By conducting the cross-validation test to verify the generalization ability of the proposed model, it is clear that the proposed work here achieved the highest accuracy with 100% also the timing of the proposed work came within the acceptable range with the use of the minimum operating requirements which makes it an excellent choice for coal and gangue classification tasks in real-time production lines.

5. Conclusions

The paper addressed the coal gangue classification using the density factors that stand against the harsh mining environment which affects the coal gangue classification using computer vision and presents the ExM-SVM model based on the volume visual perception and weight to classify the coal gangue in the coal mining industry.
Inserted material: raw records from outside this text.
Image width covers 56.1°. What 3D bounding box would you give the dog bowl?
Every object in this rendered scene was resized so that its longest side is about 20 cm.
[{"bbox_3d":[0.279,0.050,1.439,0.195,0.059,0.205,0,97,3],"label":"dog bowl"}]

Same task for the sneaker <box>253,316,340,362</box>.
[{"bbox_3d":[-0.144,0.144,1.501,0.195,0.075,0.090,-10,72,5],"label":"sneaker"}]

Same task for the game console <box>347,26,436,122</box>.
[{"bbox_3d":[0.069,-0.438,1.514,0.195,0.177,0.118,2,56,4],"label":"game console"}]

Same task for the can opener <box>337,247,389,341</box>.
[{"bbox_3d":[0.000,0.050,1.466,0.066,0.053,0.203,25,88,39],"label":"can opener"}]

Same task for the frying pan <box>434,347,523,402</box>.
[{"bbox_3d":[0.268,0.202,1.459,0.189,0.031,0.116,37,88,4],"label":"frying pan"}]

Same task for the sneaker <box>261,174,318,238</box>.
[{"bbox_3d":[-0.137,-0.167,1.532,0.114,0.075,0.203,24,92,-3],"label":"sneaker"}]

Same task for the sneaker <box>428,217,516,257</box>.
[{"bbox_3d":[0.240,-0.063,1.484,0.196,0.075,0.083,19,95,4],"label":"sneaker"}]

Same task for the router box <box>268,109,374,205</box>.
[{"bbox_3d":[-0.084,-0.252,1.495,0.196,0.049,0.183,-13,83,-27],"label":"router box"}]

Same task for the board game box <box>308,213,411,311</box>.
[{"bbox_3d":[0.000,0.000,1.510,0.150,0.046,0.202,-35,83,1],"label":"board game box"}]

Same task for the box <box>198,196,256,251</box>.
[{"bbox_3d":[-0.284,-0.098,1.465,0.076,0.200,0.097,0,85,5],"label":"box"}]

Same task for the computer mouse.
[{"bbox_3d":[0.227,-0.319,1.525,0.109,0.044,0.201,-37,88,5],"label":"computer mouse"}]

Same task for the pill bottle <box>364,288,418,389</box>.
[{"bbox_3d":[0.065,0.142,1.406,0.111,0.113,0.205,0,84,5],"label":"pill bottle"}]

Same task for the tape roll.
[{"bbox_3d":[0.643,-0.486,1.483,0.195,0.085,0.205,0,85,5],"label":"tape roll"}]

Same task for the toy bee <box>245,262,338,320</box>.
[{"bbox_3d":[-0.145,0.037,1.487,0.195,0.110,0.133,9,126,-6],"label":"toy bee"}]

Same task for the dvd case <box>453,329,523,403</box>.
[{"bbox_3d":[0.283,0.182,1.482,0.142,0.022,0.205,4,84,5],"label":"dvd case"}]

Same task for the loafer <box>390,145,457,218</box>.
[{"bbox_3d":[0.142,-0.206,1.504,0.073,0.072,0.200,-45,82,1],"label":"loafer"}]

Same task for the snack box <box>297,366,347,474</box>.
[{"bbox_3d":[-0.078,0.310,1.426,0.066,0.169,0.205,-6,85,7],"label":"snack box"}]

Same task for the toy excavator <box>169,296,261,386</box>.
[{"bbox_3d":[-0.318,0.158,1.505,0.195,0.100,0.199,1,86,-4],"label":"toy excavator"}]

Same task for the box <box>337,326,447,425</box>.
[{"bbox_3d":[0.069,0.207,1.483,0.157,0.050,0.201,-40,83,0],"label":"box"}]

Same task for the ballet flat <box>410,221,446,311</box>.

The proposed model stands in two sections, first is the feature extraction method to extract ($ExM$) that represents the coal gangue volume visual perception in three images to help with the irregular shape of coal and gangue, and second is the SVM classifier that performs the classification using the extracted ($ExM$), and the weight of the sample.

The need for a new database of 3-side images was mandatory since the base of the work is new and there is no previous work supporting a similar dataset, so a new dataset of real coal gangue samples volume and weight values were collected alongside 3_side images of the samples, to fulfill the requirements of the proposed work. The results of the proposed model show high recognition accuracy reaching (KNN 100%, Linear SVM 100%, RBF SVM 100%, Gaussian Process 100%, Decision Tree98%, Random Forest 100%, MLP100%, AdaBosst100%, Naive Bayes 98%, and QDA 99%) and best timing with Linear SVM, cross-validation has been done to verify the generalization ability with the separated group and results also come with classification accuracy (KNN 96%, Linear SVM 100%, RBF SVM 96%, Gaussian Process 96%, Decision Tree 99%, Random Forest 99%, MLP100%, AdaBosst99%, Naive Bayes 99%, and QDA 99%) with the best timing with Decision Tree. The proposed work was tested and compared with several previous works in the matter of classification accuracy based on the timing matter and hardware requirements that support the work in real-time situations and the ability to be embedded in separation systems.